The Titanic did not have enough lifeboats for everyone on board. Based on the survivors, we know that lifeboat priority was given to women and children first. From the layout of the ship, we know that more expensive cabins were located closer to the lifeboats. These elements together mean that women and high-class individuals survived at a higher rate than men and the lower class. Machine learning models tend to reflect this behavior. In this post, we’ll train some models to predict survival using these data. We will also measure the bias present between the different sexes represented in the data.
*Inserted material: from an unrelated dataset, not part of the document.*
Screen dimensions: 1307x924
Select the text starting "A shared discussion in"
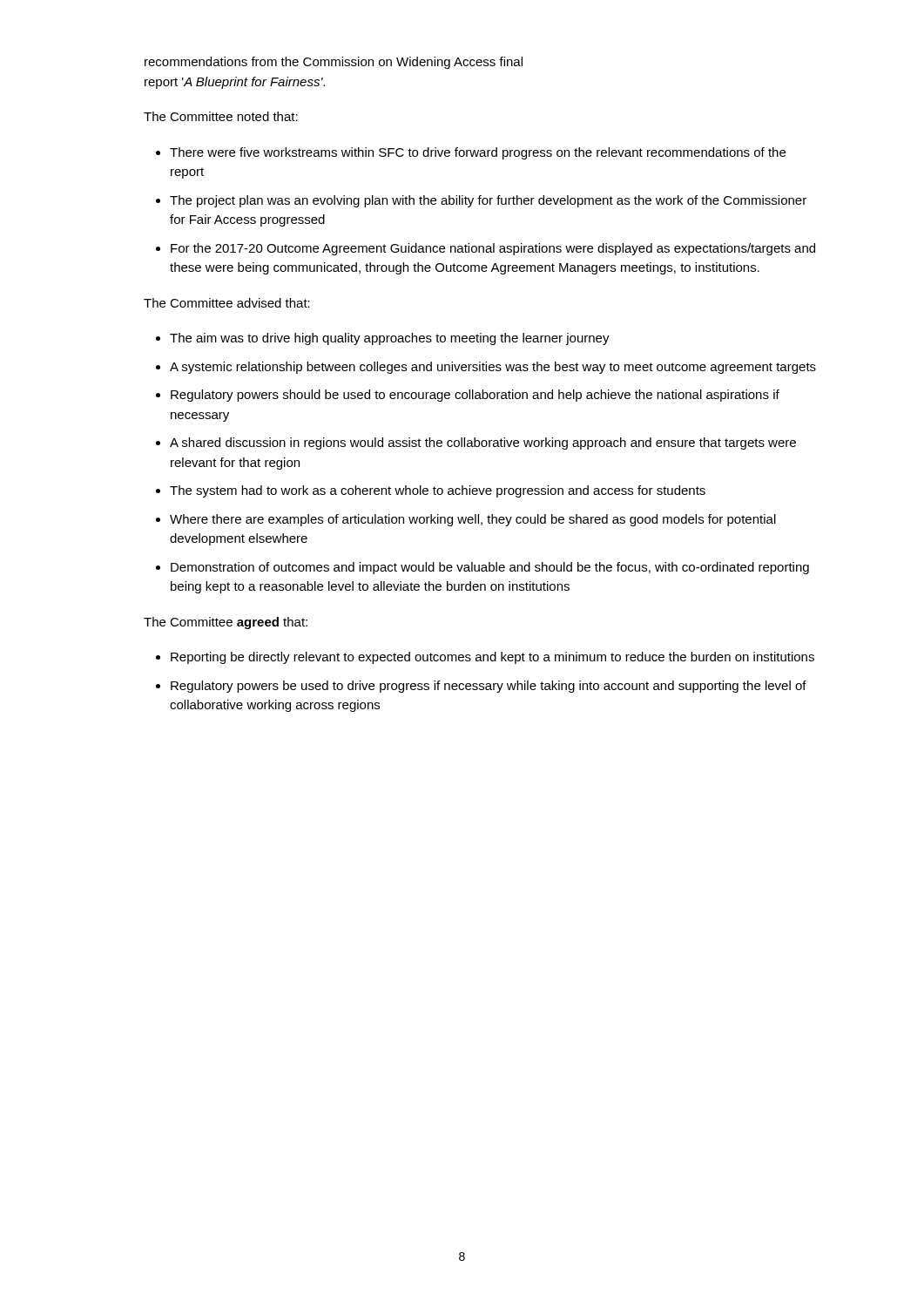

Prior to training models on the Titanic data, it’s common to perform some basic feature engineering work. We applied the following SAS DATA step code to the Titanic data to extract information about the passengers’ titles and the deck locations of their cabins.

   data titanic;
       set titanic;
 
       /* Title */
       Title = scan(Name,2,",");
       Title = scan(Title,1," ");
       Title = tranwrd(Title,".","");
 
       /* Deck */
       Deck = " ";
       if Cabin ^= "" then Deck = substr(Cabin,1,1);
 
   run;

Note that we’re not imputing missing values, a common feature of Titanic-based tutorials because we’ll be using a Forest model in SAS Viya. It has excellent support for missing values out-of-the-box.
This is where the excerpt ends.